### PROBLEM STATEMENT
Print out each entry below exactly; do not carry over any image.

== == ==

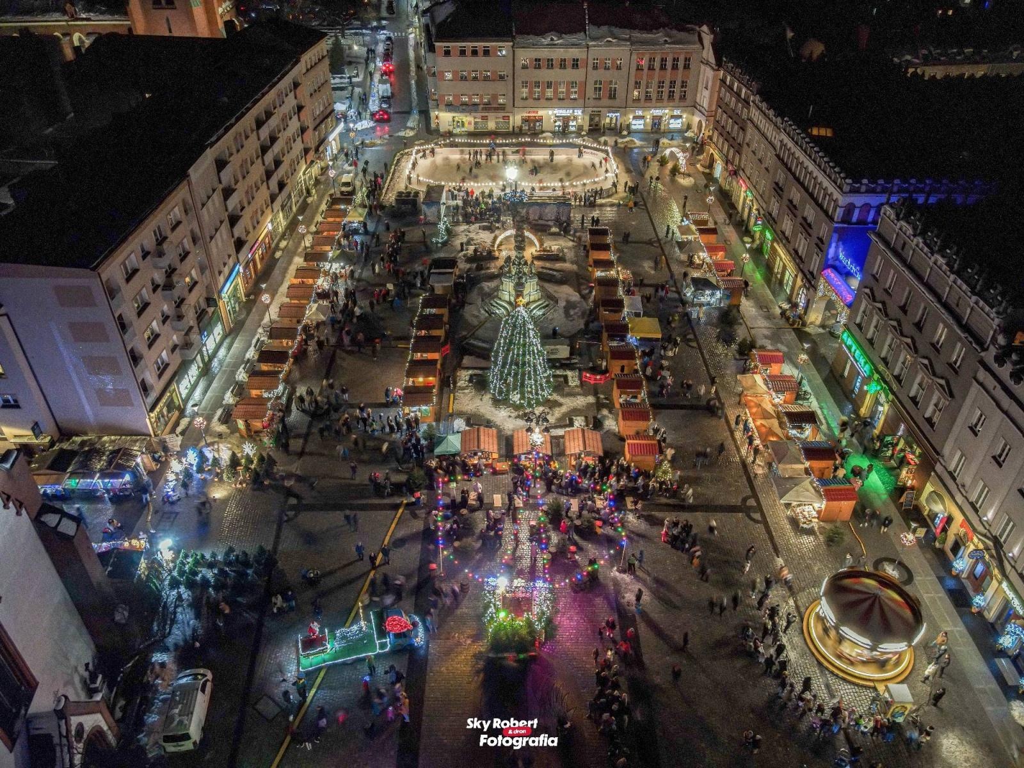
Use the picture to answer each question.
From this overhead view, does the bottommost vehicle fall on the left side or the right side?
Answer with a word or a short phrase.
left
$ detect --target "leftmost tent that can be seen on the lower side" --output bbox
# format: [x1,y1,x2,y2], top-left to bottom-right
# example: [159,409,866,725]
[102,532,170,588]
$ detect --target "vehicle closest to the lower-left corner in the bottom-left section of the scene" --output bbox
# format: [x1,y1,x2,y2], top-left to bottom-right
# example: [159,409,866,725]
[161,661,218,744]
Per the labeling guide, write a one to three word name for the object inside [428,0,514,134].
house
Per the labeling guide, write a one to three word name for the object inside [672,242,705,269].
tent
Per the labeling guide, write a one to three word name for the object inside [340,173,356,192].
vehicle
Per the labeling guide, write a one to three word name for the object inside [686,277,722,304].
tent
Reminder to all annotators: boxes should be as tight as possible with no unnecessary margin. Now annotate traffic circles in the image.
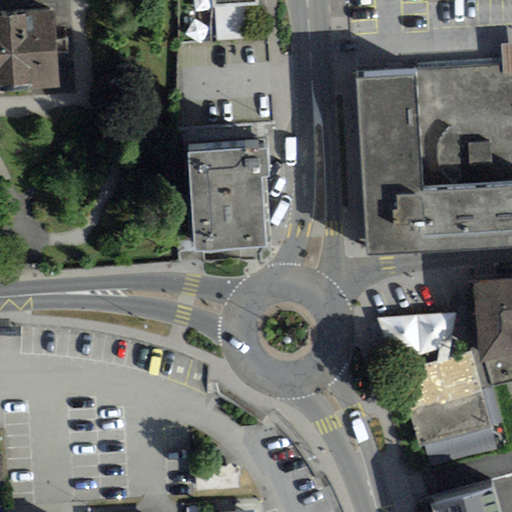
[220,263,356,398]
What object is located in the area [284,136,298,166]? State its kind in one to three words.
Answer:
vehicle
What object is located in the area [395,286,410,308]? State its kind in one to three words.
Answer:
car
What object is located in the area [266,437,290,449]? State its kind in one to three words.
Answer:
vehicle
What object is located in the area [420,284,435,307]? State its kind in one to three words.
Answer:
car
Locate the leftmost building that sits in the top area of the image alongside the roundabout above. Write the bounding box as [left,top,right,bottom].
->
[188,133,274,252]
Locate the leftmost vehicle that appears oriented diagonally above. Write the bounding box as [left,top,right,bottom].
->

== == ==

### EXERCISE RESPONSE
Use the picture to answer each question.
From this overhead view, does the bottommost vehicle fall on the left side or the right side?
Answer with a word or a short phrase.
left
$ detect --target "leftmost tent that can be seen on the lower side" --output bbox
# format: [x1,y1,x2,y2], top-left to bottom-right
# example: [159,409,866,725]
[102,532,170,588]
$ detect --target "vehicle closest to the lower-left corner in the bottom-left section of the scene" --output bbox
# format: [x1,y1,x2,y2], top-left to bottom-right
# example: [159,409,866,725]
[161,661,218,744]
Per the labeling guide, write a one to three word name for the object inside [428,0,514,134].
house
Per the labeling guide, write a one to three word name for the object inside [672,242,705,269].
tent
Per the labeling guide, write a one to three word name for the object inside [340,173,356,192].
vehicle
Per the labeling guide, write a one to three word name for the object inside [686,277,722,304].
tent
Reminder to all annotators: boxes should be as tight as possible with no unnecessary margin. Now annotate traffic circles in the image.
[220,263,356,398]
What object is located in the area [284,136,298,166]? State its kind in one to three words.
Answer:
vehicle
What object is located in the area [395,286,410,308]? State its kind in one to three words.
Answer:
car
What object is located in the area [266,437,290,449]? State its kind in one to three words.
Answer:
vehicle
What object is located in the area [420,284,435,307]? State its kind in one to three words.
Answer:
car
Locate the leftmost building that sits in the top area of the image alongside the roundabout above. Write the bounding box as [left,top,right,bottom].
->
[188,133,274,252]
Locate the leftmost vehicle that appears oriented diagonally above. Write the bounding box as [left,top,right,bottom].
->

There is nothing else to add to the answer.